In order to improve scheduling efficiency and a kind of cloud task scheduling algorithm of improved fuzzy cluster has been proposed. Firstly, cloud task scheduling algorithm of improved fuzzy cluster has been introduced, which mainly uses fuzzy FCM algorithm to complete resource cluster to three resource sets including computing type, storage type and bandwidth type in the context of using parallel processing to ensure the efficiency. The resource of cluster set with the longest time in completion will be liberated from the busy schedule to improve the utilisation ratio of resources, ensure load balance, reduce execution costs and enhance customer satisfaction; secondly, tasks have been allocated to each cluster through Min-Min heuristic algorithm and the results have been adjusted according to set threshold to obtain the better scheduling results.
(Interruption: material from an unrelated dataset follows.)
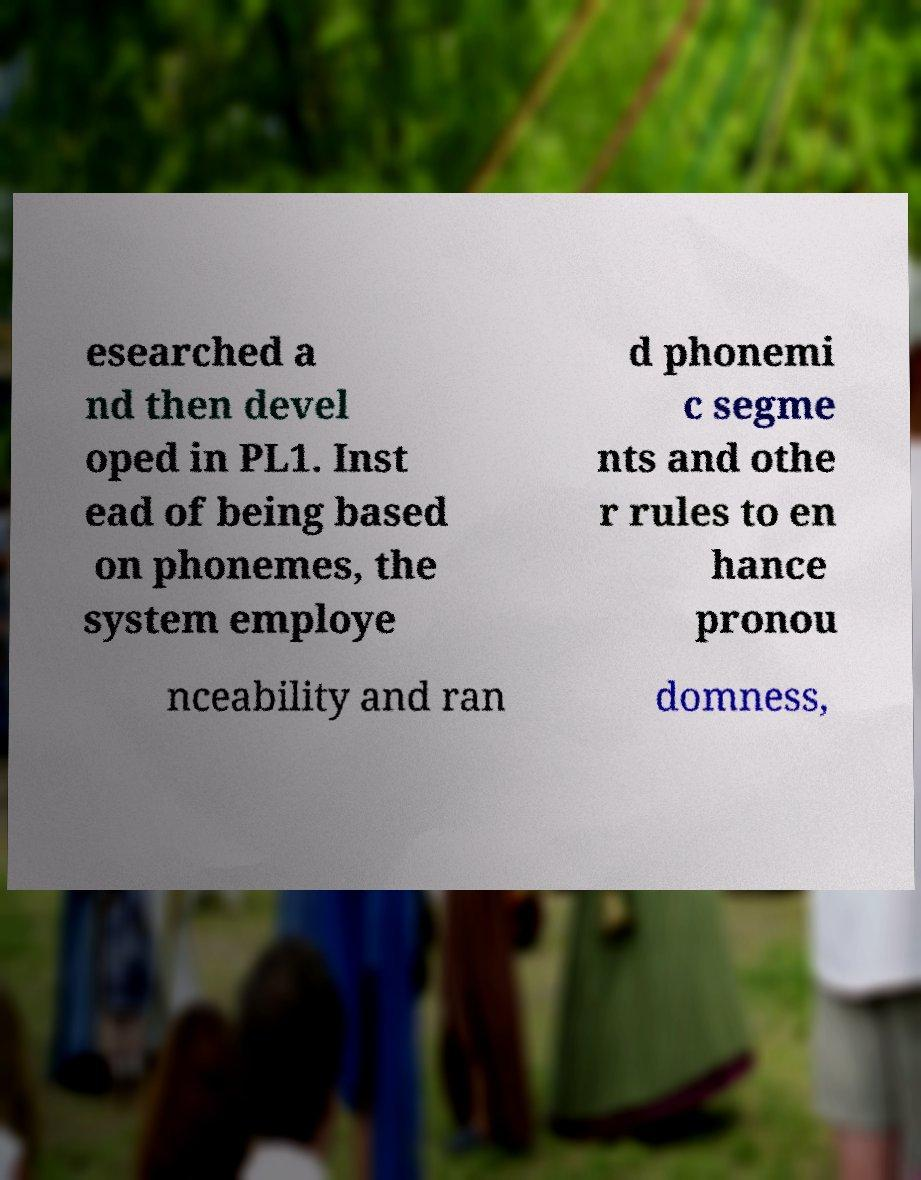Please identify and transcribe the text found in this image. esearched a nd then devel oped in PL1. Inst ead of being based on phonemes, the system employe d phonemi c segme nts and othe r rules to en hance pronou nceability and ran domness,

The experimental results show that the proposed algorithm is superior to the traditional algorithm without cluster in terms of execution time.
机译:为了提高调度效率,提出了一种改进的模糊聚类的云任务调度算法。首先,介绍了改进的模糊聚类的云任务调度算法,该算法主要使用模糊FCM算法在并行处理的情况下,将资源聚类完整地划分为计算类型,存储类型和带宽类型三个资源集,以确保效率。从繁忙的调度中释放完成时间最长的群集集的资源,以提高资源利用率,确保负载平衡,降低执行成本并提高客户满意度;其次,通过Min-Min启发式算法将任务分配给每个集群,并根据设置的阈值对结果进行调整,以获得更好的调度结果。实验结果表明,该算法在执行时间上优于传统的无聚类算法。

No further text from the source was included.